Restate verbatim the span of lines below between the line with "9) car <box>644,554,1004,713</box>" and the line with "Use a Markdown", including those two lines, and only that span.

Stored dataset items
^^^^^^^^
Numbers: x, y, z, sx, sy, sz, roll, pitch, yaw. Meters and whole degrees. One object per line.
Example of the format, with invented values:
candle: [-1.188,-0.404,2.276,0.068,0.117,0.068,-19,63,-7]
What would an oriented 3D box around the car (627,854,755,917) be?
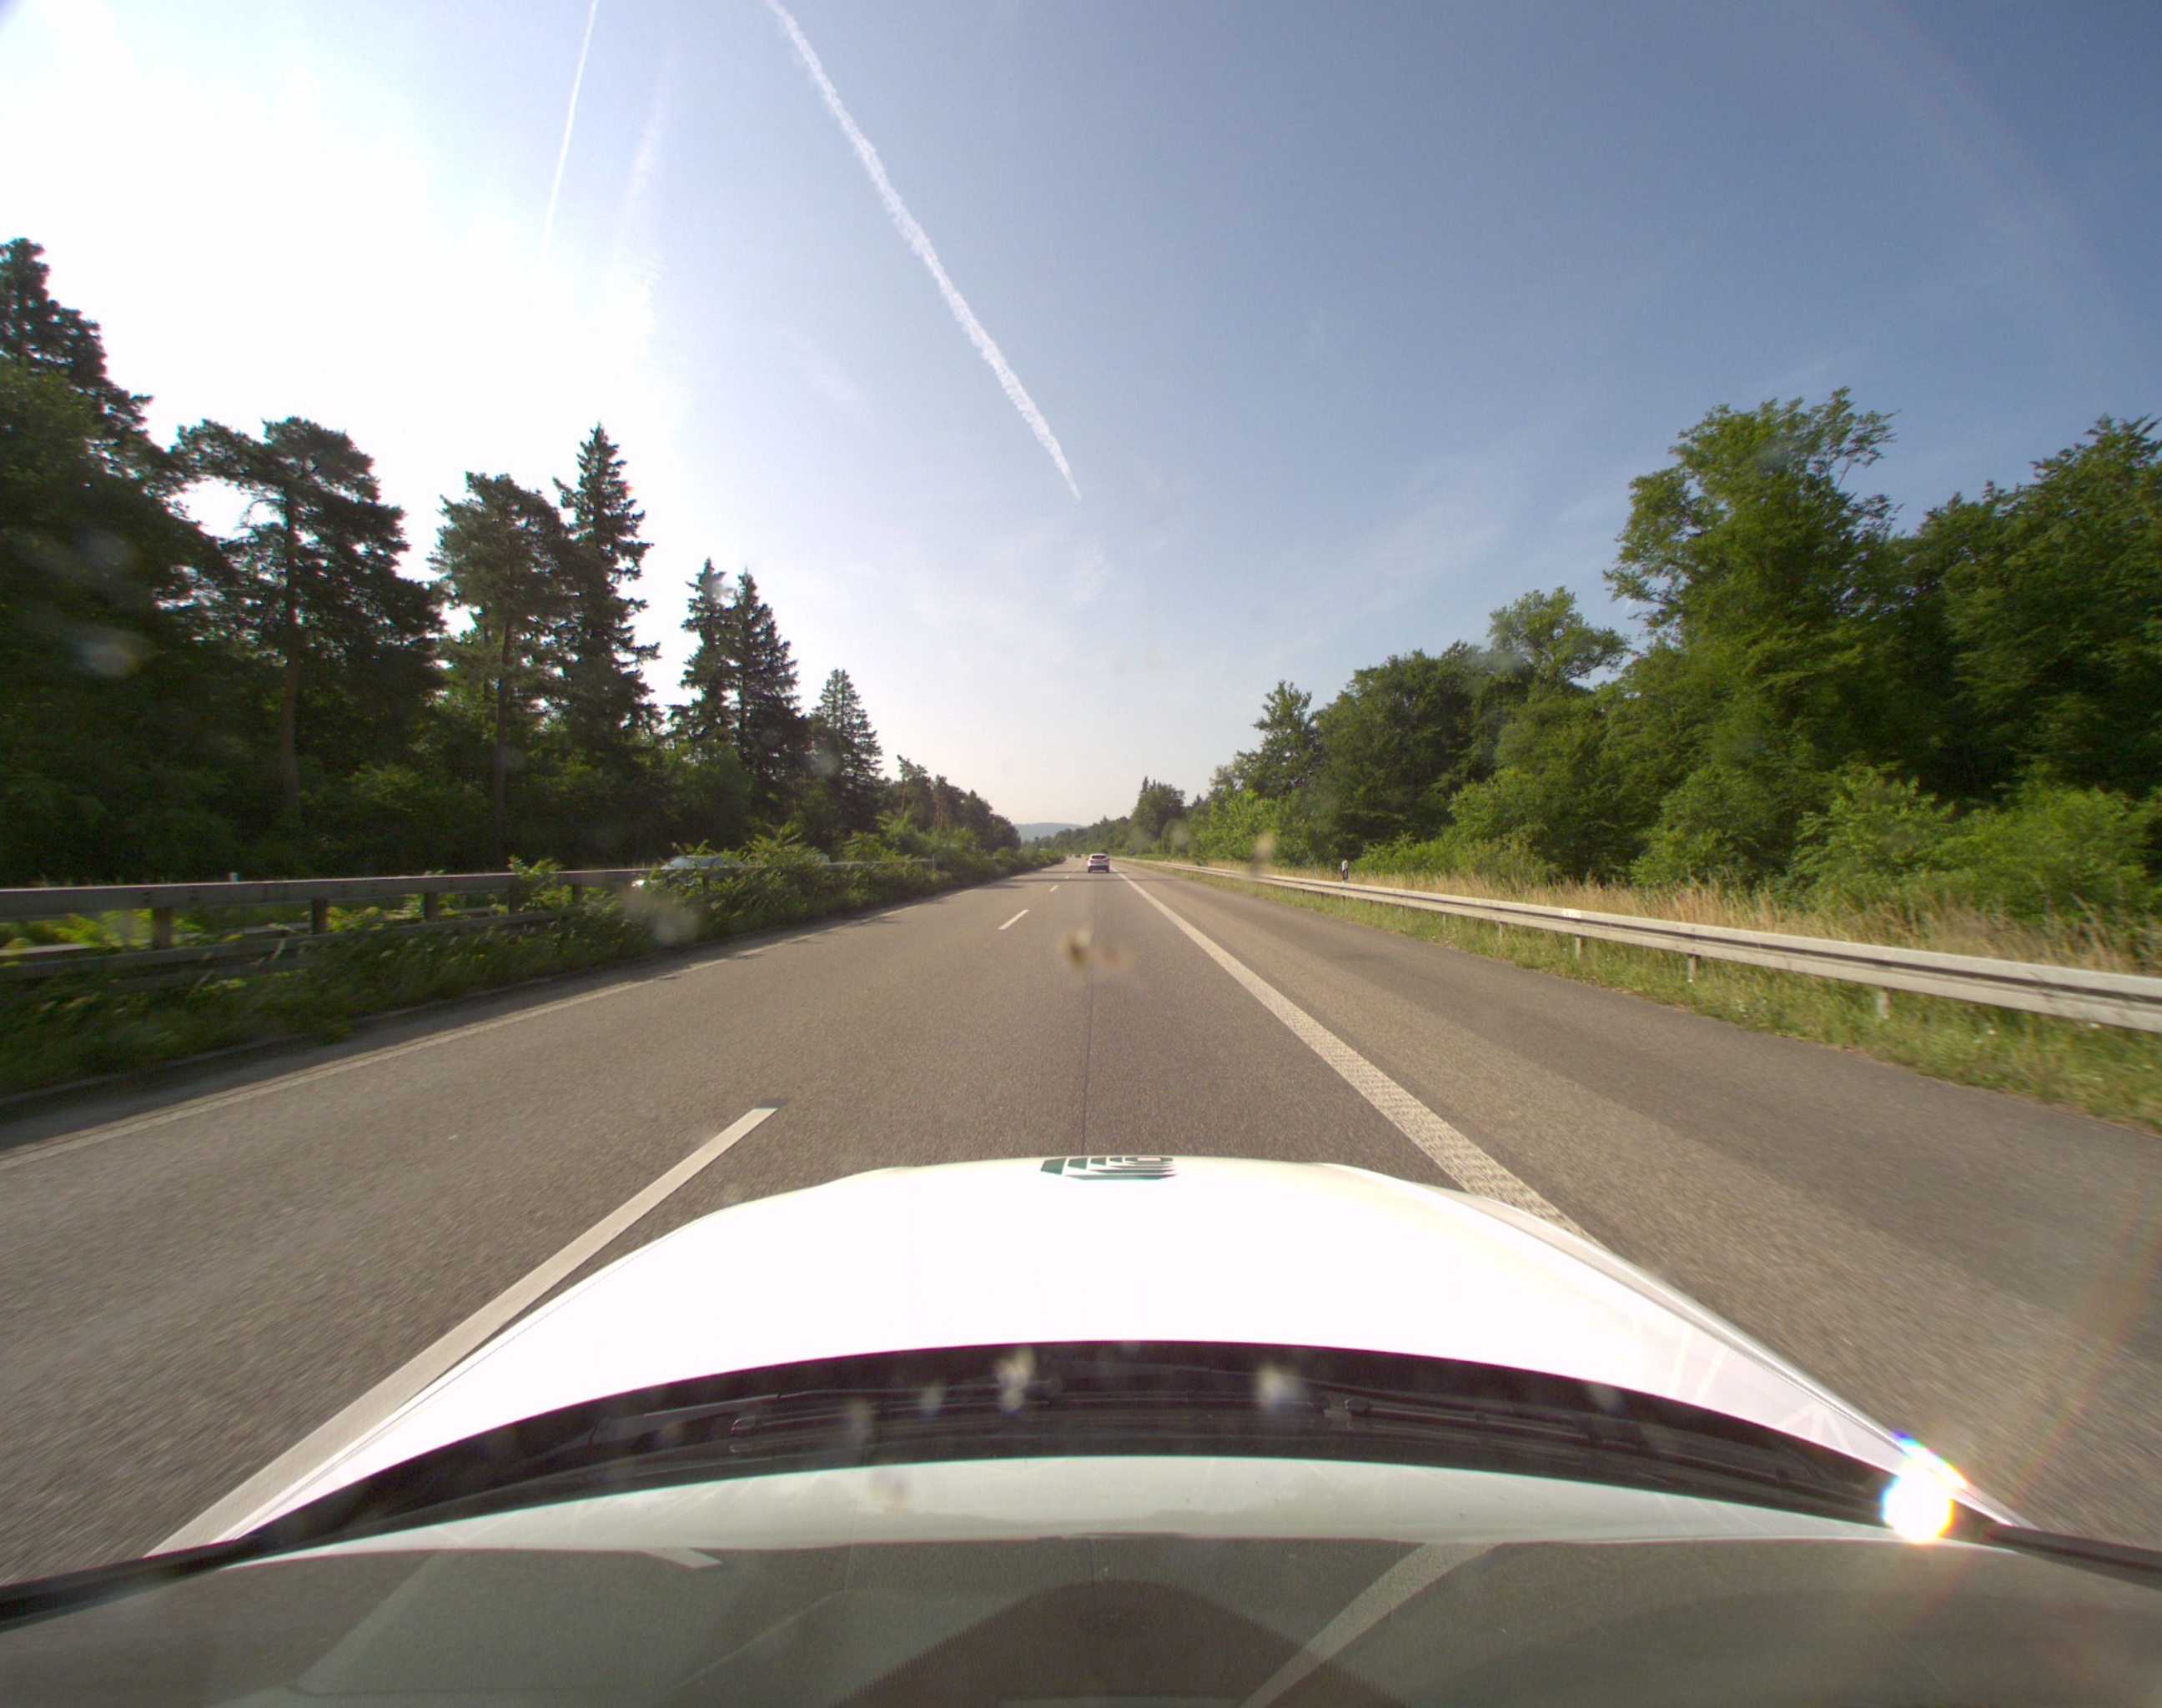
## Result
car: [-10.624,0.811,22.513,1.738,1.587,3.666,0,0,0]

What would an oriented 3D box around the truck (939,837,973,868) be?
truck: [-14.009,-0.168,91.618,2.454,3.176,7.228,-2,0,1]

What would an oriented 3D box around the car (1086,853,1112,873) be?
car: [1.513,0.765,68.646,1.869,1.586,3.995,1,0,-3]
^^^^^^^^
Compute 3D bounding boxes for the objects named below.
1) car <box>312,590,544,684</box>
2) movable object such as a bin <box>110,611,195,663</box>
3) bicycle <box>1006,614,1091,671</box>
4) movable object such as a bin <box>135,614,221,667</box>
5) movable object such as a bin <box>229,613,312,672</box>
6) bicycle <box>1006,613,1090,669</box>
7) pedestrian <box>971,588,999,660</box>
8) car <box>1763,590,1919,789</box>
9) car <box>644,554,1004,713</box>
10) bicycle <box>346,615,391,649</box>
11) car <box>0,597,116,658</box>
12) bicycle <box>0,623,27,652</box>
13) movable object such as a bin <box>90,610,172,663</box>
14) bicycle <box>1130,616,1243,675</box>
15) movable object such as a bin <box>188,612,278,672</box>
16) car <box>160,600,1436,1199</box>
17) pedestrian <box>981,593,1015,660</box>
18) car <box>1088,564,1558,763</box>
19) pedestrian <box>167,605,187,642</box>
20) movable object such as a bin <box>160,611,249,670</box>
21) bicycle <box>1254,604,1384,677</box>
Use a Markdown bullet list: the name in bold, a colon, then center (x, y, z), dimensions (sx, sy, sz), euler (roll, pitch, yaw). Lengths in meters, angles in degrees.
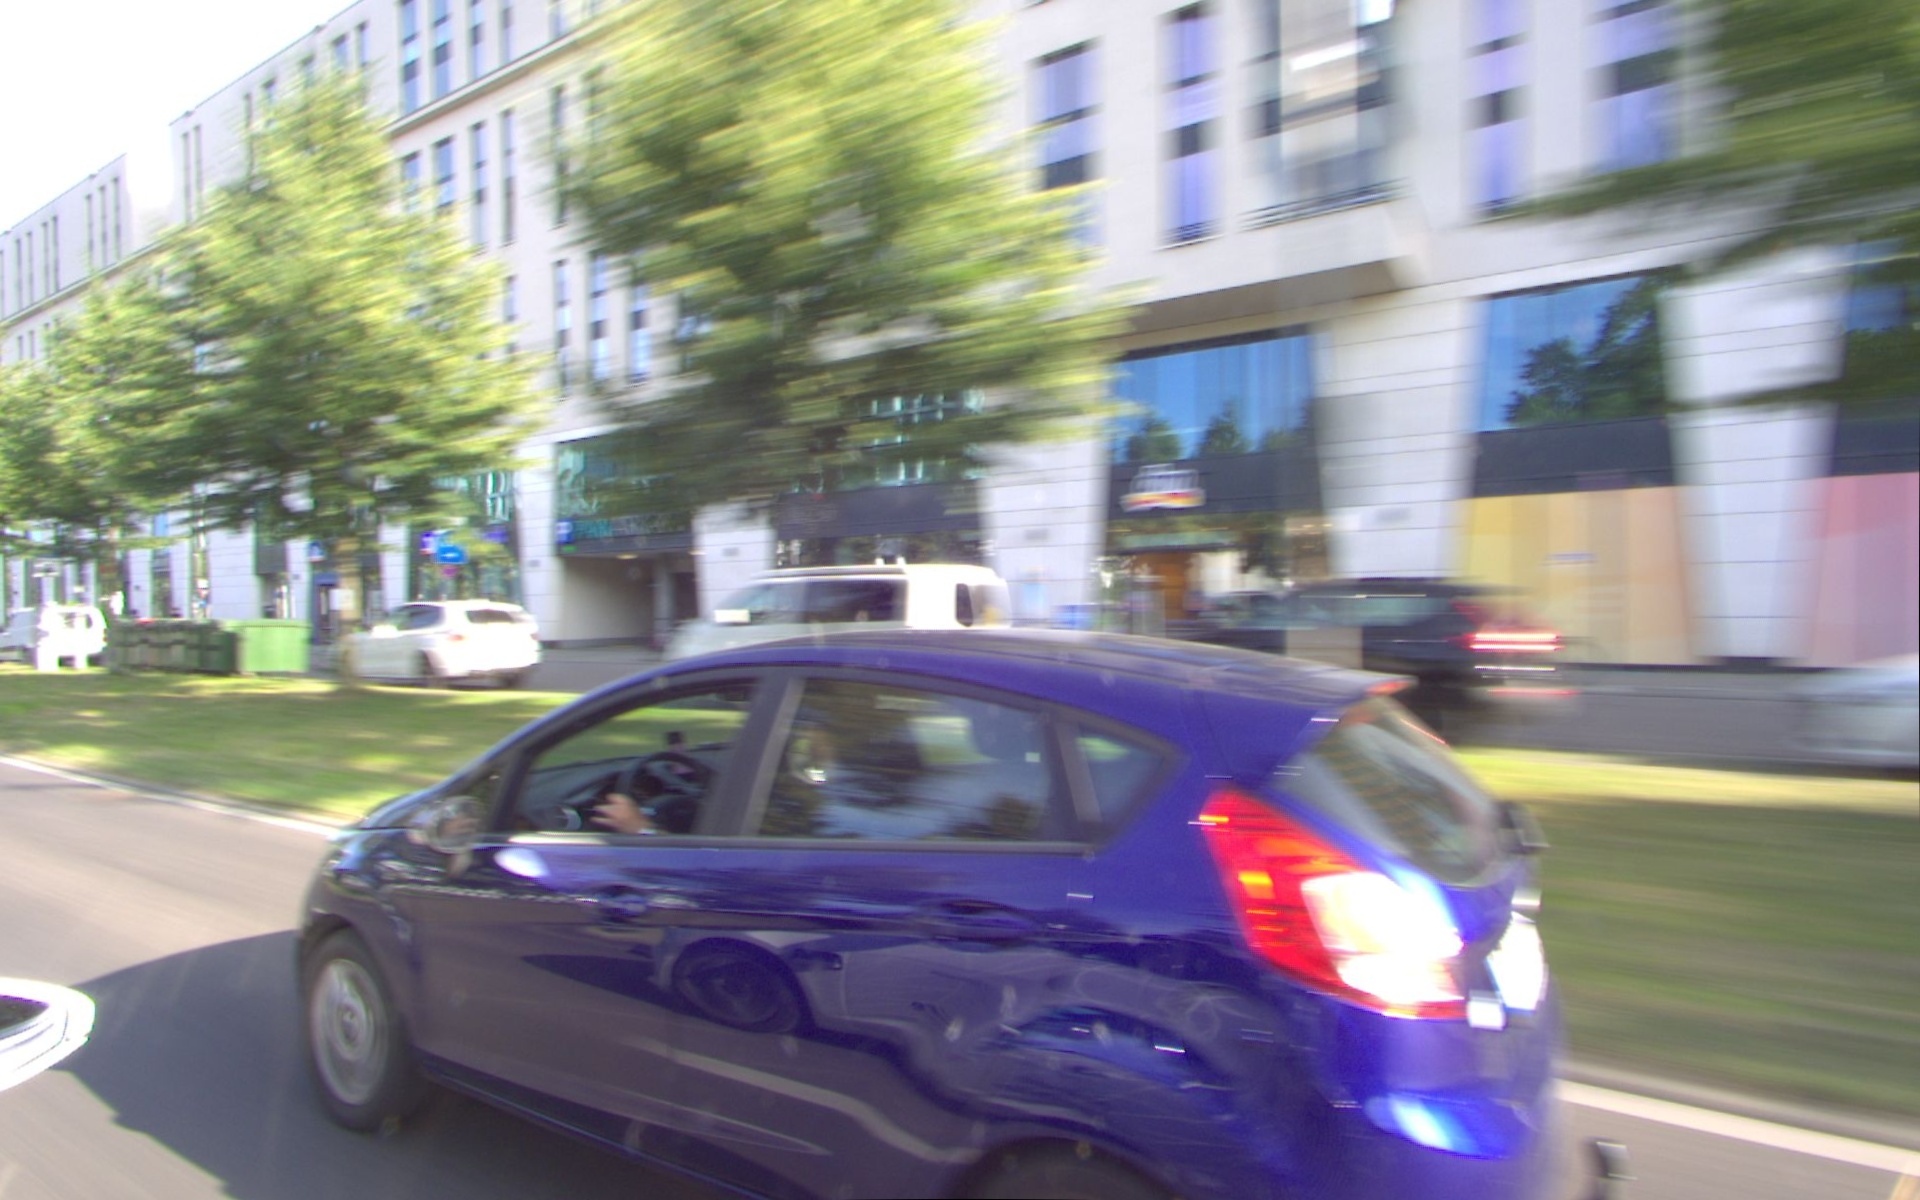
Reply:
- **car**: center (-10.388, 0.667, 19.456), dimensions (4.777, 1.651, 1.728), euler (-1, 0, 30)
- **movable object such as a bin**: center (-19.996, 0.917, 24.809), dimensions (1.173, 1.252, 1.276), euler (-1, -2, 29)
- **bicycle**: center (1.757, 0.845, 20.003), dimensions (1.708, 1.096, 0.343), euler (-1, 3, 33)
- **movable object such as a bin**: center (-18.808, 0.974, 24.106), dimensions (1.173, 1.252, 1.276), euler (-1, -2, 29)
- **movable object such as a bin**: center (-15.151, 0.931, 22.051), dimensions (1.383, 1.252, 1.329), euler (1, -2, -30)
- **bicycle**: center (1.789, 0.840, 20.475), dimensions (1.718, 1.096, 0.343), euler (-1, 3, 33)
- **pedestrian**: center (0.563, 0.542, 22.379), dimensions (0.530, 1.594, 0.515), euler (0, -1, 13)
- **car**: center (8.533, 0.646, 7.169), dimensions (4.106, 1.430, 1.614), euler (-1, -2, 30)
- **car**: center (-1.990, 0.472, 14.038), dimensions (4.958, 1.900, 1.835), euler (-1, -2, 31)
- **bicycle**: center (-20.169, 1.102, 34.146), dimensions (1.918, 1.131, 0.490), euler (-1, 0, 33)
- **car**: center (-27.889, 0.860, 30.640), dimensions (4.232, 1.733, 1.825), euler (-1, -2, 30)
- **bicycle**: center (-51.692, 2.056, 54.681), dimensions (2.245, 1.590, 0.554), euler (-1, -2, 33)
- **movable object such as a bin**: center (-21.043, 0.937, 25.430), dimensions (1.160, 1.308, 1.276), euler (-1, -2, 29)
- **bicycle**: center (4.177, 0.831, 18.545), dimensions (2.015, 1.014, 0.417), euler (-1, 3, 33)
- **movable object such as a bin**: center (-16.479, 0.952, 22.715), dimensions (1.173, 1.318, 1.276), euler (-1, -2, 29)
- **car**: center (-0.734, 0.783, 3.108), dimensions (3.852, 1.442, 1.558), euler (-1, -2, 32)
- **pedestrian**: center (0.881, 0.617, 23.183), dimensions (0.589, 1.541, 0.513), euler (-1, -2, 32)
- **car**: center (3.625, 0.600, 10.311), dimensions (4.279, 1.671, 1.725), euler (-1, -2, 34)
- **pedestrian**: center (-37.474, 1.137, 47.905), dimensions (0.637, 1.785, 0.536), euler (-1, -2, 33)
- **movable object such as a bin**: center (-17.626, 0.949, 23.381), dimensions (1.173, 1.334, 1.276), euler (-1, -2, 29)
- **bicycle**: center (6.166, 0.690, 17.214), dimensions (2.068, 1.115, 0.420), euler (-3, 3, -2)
^^^^^^^^
• Final answer:
9) car <box>644,554,1004,713</box>
10) bicycle <box>346,615,391,649</box>
11) car <box>0,597,116,658</box>
12) bicycle <box>0,623,27,652</box>
13) movable object such as a bin <box>90,610,172,663</box>
14) bicycle <box>1130,616,1243,675</box>
15) movable object such as a bin <box>188,612,278,672</box>
16) car <box>160,600,1436,1199</box>
17) pedestrian <box>981,593,1015,660</box>
18) car <box>1088,564,1558,763</box>
19) pedestrian <box>167,605,187,642</box>
20) movable object such as a bin <box>160,611,249,670</box>
21) bicycle <box>1254,604,1384,677</box>
Use a Markdown bullet list: the name in bold, a colon, then center (x, y, z), dimensions (sx, sy, sz), euler (roll, pitch, yaw). Lengths in meters, angles in degrees.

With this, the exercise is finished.